[WORK ITEM] Word for word, transcribe the data below from the line with "- plate <box>810,906,1532,1282</box>" to the line with "The image spans 23.3° horizontally.", keeping both of those lines.

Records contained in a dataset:

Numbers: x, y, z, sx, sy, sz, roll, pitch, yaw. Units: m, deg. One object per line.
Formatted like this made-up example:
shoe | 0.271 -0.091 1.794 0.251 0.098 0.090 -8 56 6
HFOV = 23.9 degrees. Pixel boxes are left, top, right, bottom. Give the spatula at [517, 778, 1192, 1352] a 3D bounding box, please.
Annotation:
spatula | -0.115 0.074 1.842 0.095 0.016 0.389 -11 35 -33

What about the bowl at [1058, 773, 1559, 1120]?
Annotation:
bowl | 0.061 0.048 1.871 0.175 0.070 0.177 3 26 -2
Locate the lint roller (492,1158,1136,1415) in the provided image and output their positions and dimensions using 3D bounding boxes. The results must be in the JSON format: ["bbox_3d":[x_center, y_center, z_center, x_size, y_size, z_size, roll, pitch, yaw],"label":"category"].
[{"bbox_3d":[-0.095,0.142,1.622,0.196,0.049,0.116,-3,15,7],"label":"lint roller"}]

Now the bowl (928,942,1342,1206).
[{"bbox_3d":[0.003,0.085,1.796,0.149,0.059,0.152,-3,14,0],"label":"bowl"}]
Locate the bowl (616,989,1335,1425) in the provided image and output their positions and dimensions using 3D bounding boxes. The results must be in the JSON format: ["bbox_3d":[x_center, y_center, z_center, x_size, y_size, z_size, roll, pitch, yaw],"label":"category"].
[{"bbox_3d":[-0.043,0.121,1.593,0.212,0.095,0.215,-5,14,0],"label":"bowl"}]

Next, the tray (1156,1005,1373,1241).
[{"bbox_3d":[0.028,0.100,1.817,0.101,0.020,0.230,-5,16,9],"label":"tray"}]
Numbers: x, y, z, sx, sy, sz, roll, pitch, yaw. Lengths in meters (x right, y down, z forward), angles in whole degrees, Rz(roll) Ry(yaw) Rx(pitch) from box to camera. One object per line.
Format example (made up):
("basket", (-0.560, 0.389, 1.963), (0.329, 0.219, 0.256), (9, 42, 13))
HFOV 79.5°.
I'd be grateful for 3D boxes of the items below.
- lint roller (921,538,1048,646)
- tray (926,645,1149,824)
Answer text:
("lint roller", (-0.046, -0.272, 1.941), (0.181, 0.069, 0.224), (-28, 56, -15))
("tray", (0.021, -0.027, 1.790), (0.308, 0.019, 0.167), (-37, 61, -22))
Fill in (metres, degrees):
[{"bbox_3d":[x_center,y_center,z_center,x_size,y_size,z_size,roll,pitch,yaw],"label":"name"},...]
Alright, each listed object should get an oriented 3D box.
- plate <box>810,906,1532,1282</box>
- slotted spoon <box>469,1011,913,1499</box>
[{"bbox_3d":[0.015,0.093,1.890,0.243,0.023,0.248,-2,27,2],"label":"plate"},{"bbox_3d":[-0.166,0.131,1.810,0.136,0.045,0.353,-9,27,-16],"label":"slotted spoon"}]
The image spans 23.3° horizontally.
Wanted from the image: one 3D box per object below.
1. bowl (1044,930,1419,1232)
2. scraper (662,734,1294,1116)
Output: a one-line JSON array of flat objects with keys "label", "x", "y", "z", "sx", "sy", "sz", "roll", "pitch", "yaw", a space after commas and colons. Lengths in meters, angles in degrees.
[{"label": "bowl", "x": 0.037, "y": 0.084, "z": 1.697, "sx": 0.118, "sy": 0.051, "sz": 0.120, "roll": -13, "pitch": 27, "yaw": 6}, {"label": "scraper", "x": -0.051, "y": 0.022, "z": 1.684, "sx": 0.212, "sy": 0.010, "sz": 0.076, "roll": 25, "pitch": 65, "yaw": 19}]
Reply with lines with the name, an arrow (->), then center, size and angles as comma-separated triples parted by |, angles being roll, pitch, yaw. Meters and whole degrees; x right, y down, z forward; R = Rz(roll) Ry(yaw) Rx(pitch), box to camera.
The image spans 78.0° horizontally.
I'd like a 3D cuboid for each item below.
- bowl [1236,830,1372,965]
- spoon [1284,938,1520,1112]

[YOUR SOLUTION]
- plate <box>810,906,1532,1282</box>
- slotted spoon <box>469,1011,913,1499</box>
[{"bbox_3d":[0.015,0.093,1.890,0.243,0.023,0.248,-2,27,2],"label":"plate"},{"bbox_3d":[-0.166,0.131,1.810,0.136,0.045,0.353,-9,27,-16],"label":"slotted spoon"}]
The image spans 23.3° horizontally.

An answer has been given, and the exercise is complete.